*** Opening of Data extract ***
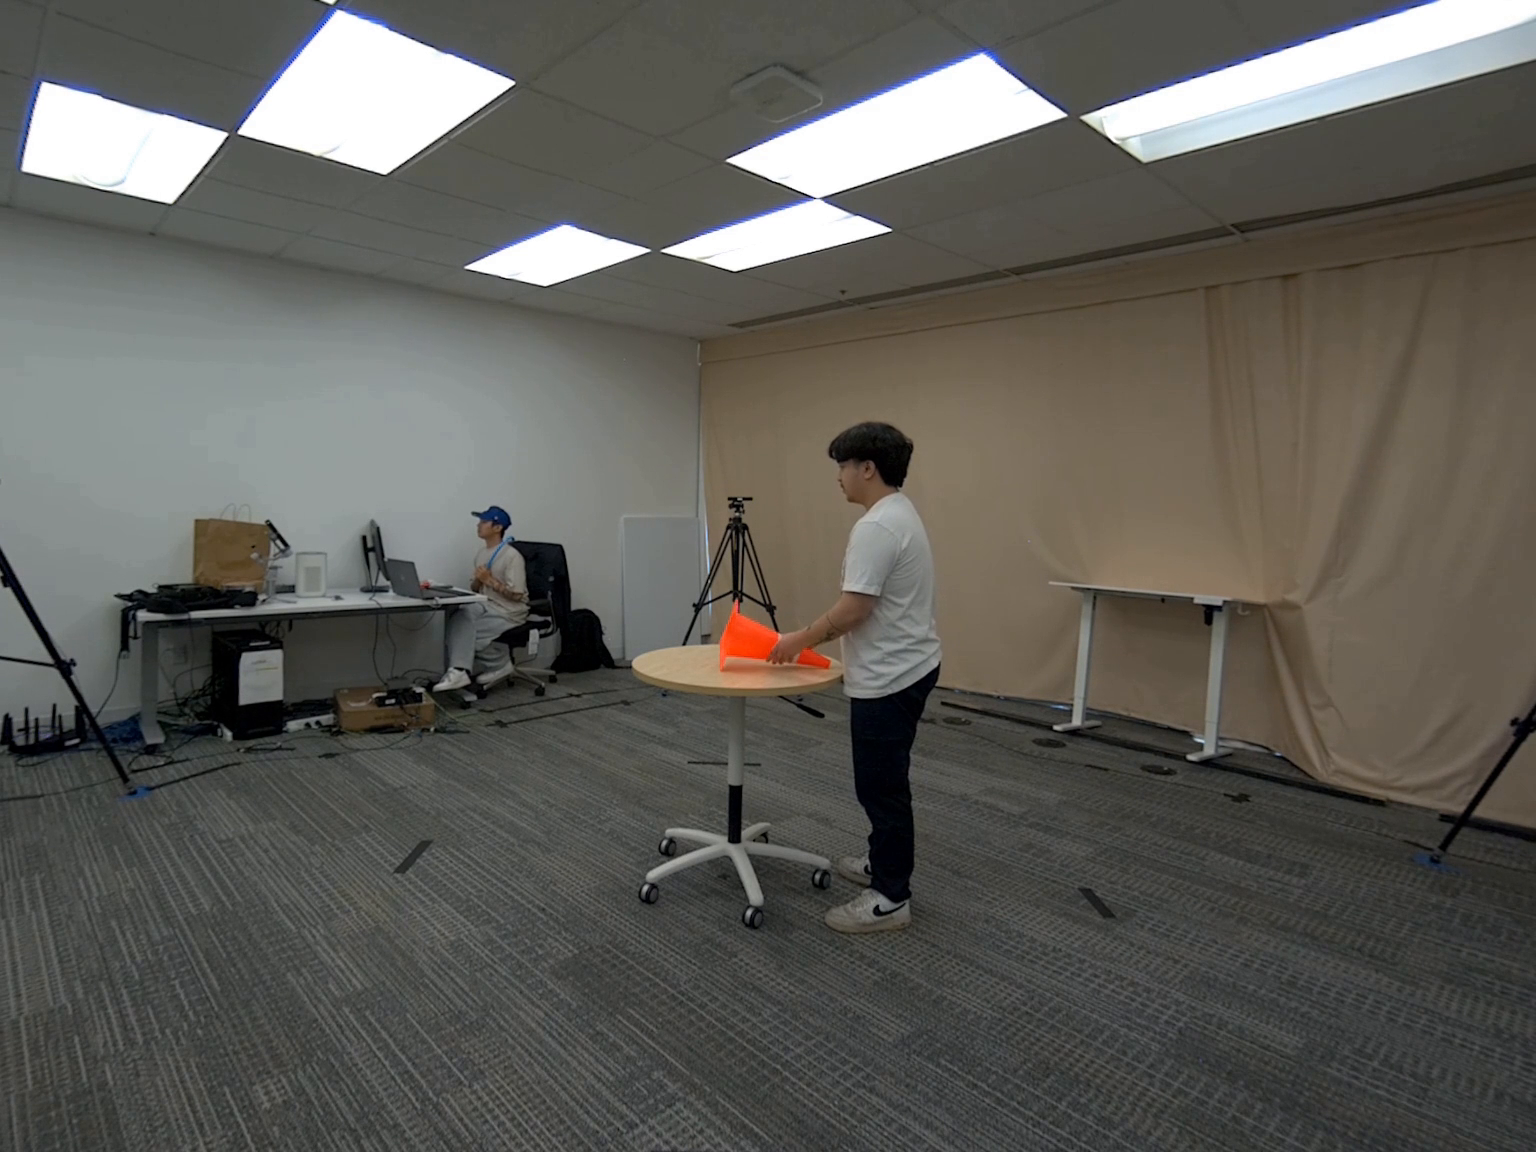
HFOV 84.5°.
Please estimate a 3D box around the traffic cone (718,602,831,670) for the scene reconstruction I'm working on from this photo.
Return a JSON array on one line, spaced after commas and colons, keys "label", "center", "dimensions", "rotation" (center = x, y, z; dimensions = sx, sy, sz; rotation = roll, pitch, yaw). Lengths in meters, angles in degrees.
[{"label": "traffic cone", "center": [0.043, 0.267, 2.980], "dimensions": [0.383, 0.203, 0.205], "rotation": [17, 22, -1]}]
*** Close of Data extract ***
=== What is required ===
From the line containing "Please estimate a" down to the last line of the data above, copy every line exactly; leave out all other lines.

=== Solution to this exercise ===
Please estimate a 3D box around the traffic cone (718,602,831,670) for the scene reconstruction I'm working on from this photo.
Return a JSON array on one line, spaced after commas and colons, keys "label", "center", "dimensions", "rotation" (center = x, y, z; dimensions = sx, sy, sz; rotation = roll, pitch, yaw). Lengths in meters, angles in degrees.
[{"label": "traffic cone", "center": [0.043, 0.267, 2.980], "dimensions": [0.383, 0.203, 0.205], "rotation": [17, 22, -1]}]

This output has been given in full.